Es dauerte bis zum späten Nachmittag, bis sie das Ziel erreicht hatte. Bisher kannte sie es nur von der Karte her, nun war sie zum ersten Mal da, fuhr den Jeep in eine Senke und stieg aus.
Rose lächelte und fühlte sich auf der Hochebene frei wie selten in ihrem Leben. Sie genoss die saubere Luft, während die hohen Berge mit ihren glitzernden Schneegipfeln grüßten.

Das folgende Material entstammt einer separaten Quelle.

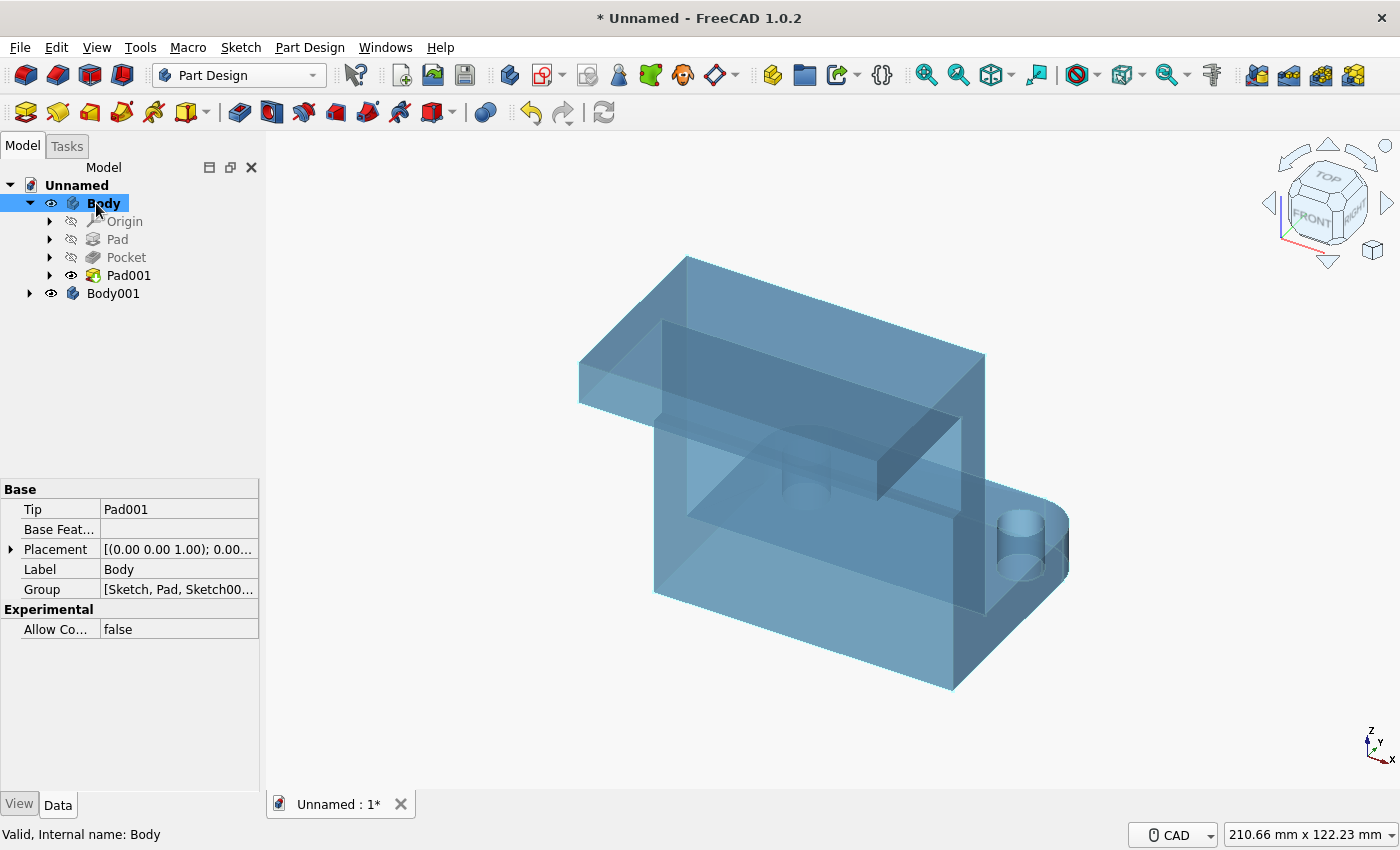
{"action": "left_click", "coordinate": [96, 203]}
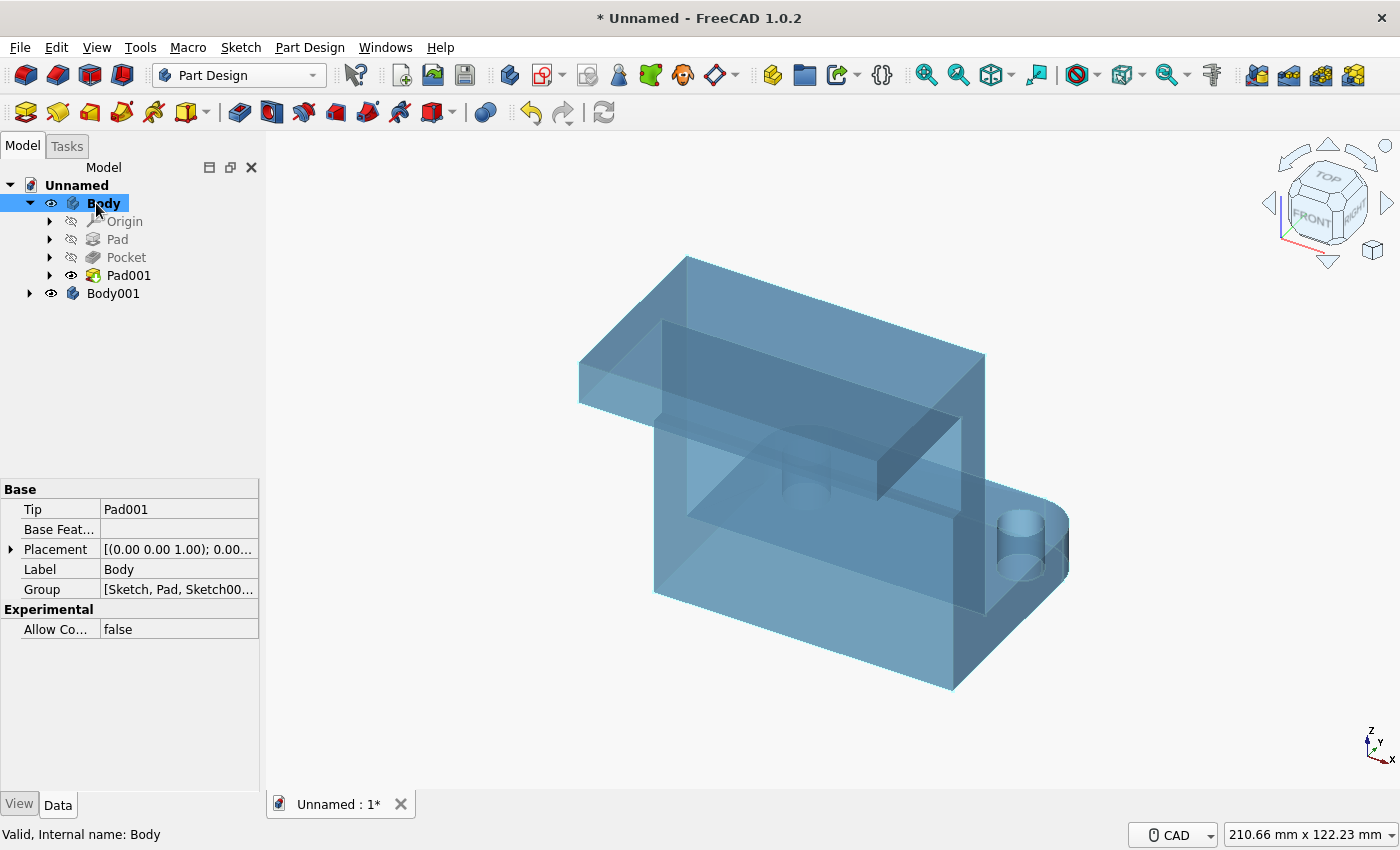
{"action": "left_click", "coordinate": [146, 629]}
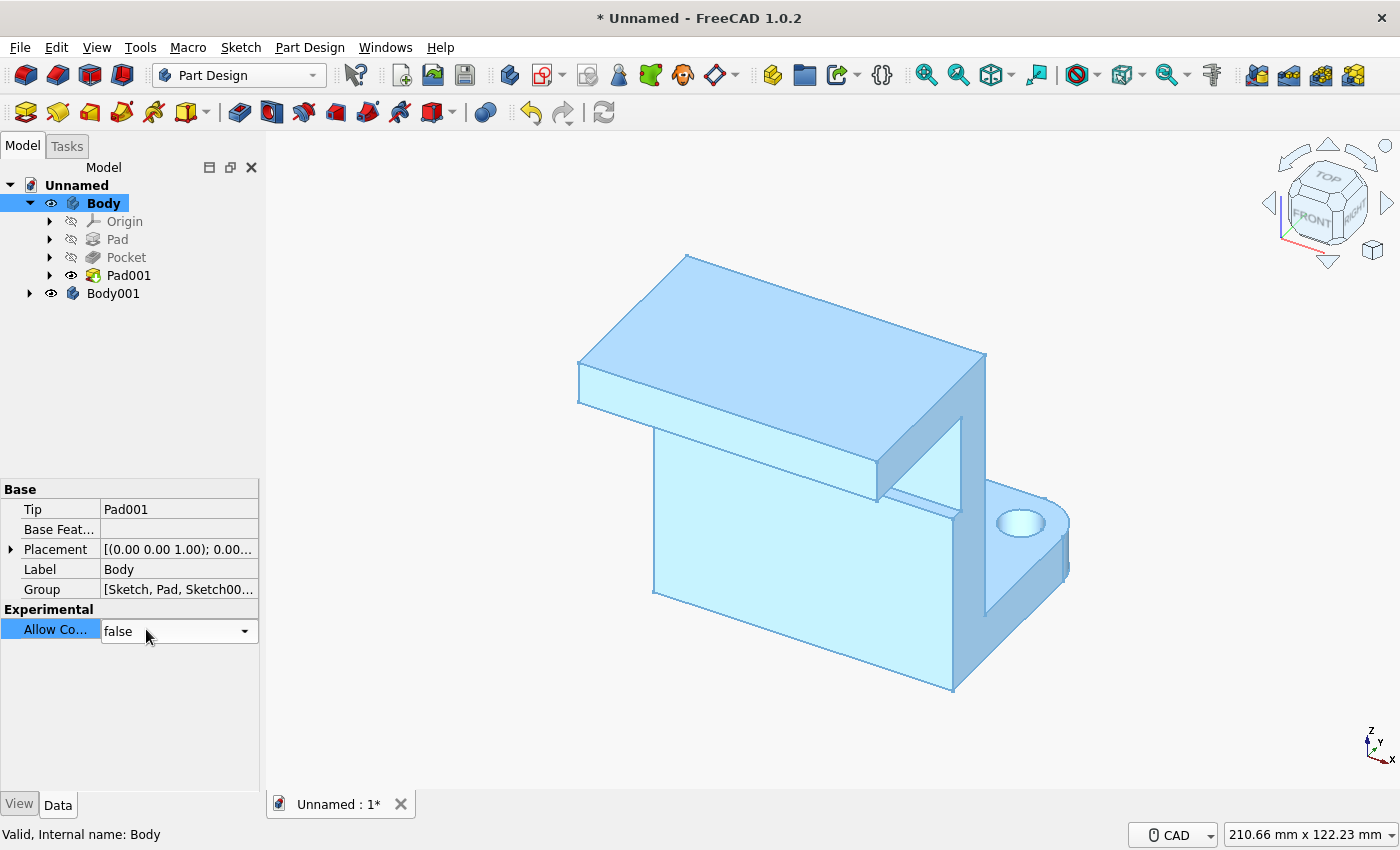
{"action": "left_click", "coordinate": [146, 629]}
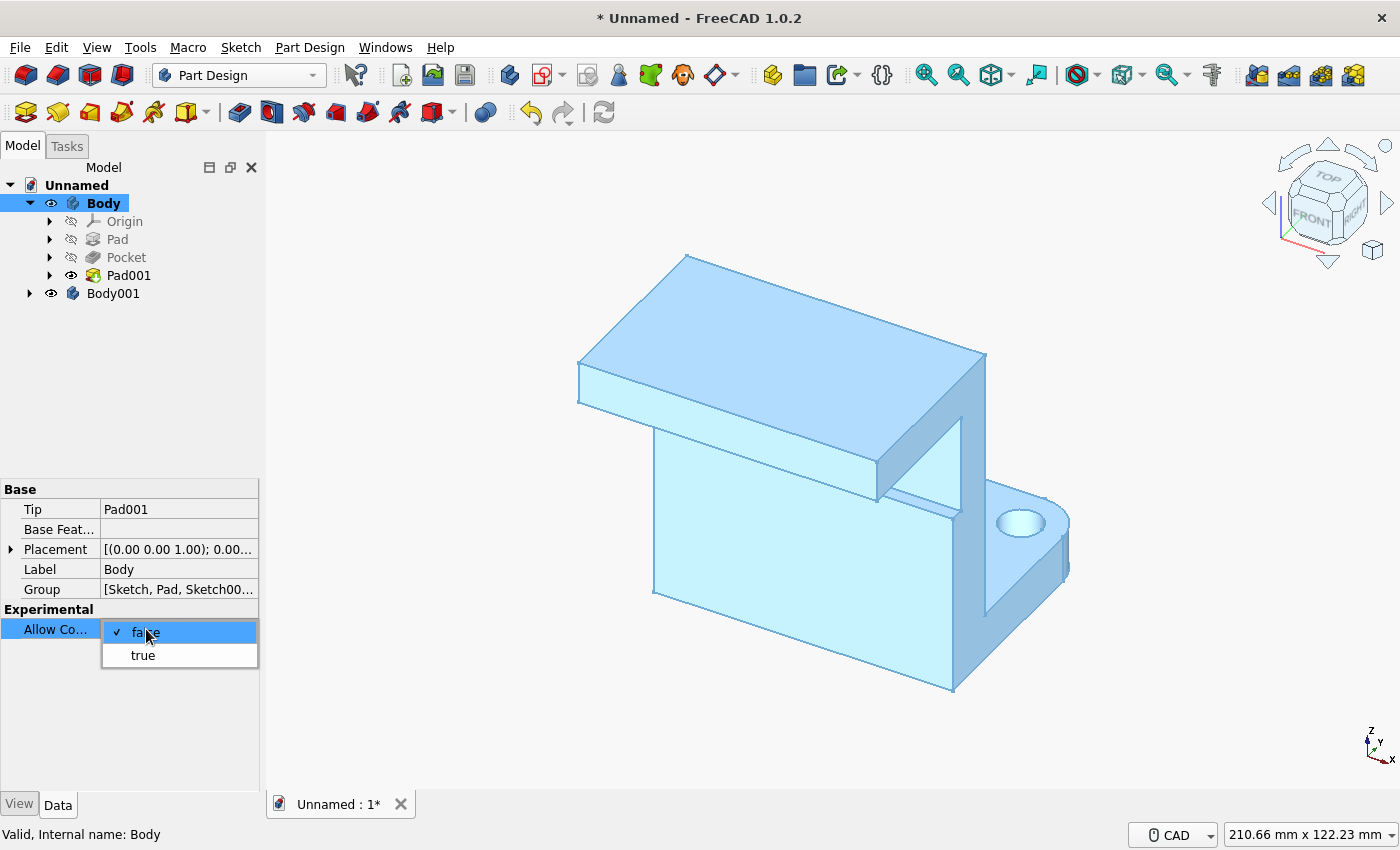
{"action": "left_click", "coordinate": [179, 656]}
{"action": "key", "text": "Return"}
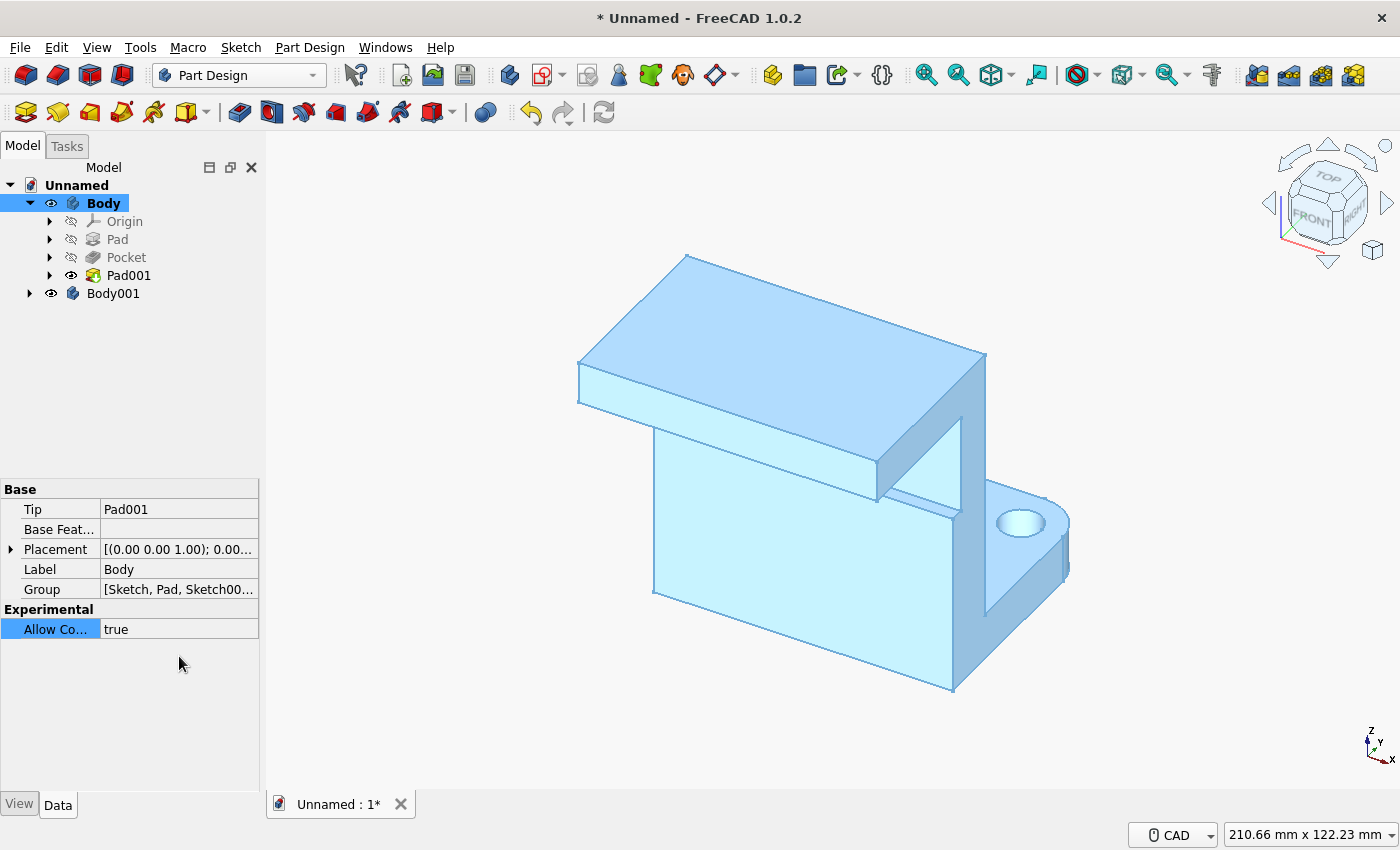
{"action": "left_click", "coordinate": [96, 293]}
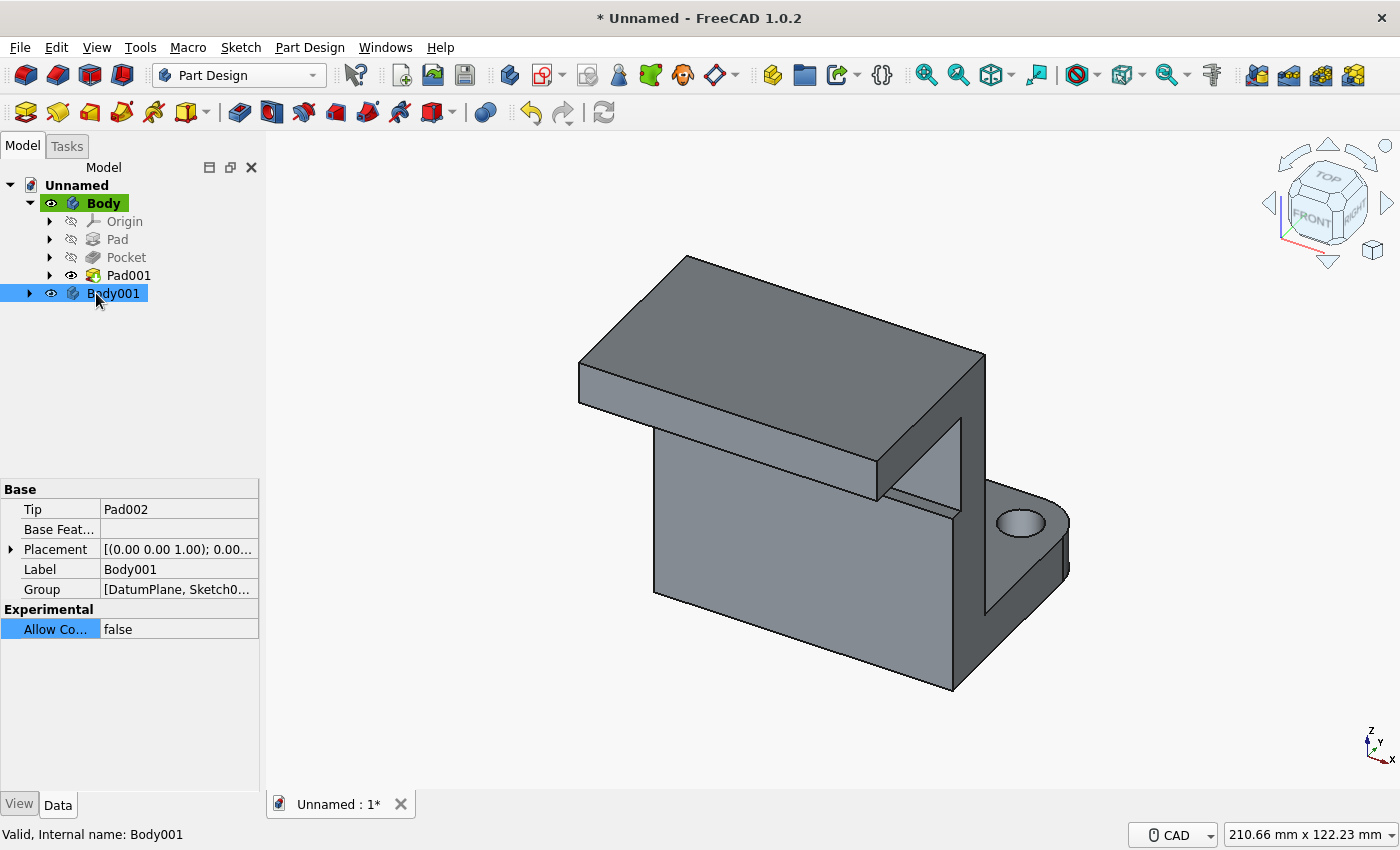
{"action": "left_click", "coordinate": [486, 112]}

Ja, hier würde sie bleiben. Das war genau der Ort. Sie freute sich, dass die Karte sie nicht in die Irre geführt hatte, obwohl diese Gegend einsam und sehr unwirtlich war.
An der Nordseite endeten lange Geröllhänge an schroffen Bergkanten. Zum Süden hin sah die Landschaft anders aus. Hier zeigte das Hochtal seine grüne oder lieblichere Seite, auch wenn das Gras mehr einer Steppe ähnelte. Immerhin durchfloss ein kleiner Gebirgsbach diese Talseite. Er war nur in der Hälfte seines Verlaufs sichtbar, denn sehr schnell verschwand er in einem Erdloch.
Im Süden waren die Berge auch nicht so glatt und nah. Sie zeigten oft seltsame Formen, man sah Risse, Spalten und auch Vorsprünge, die in der anbrechenden Dämmerung eine ungewohnte Farbe annahmen.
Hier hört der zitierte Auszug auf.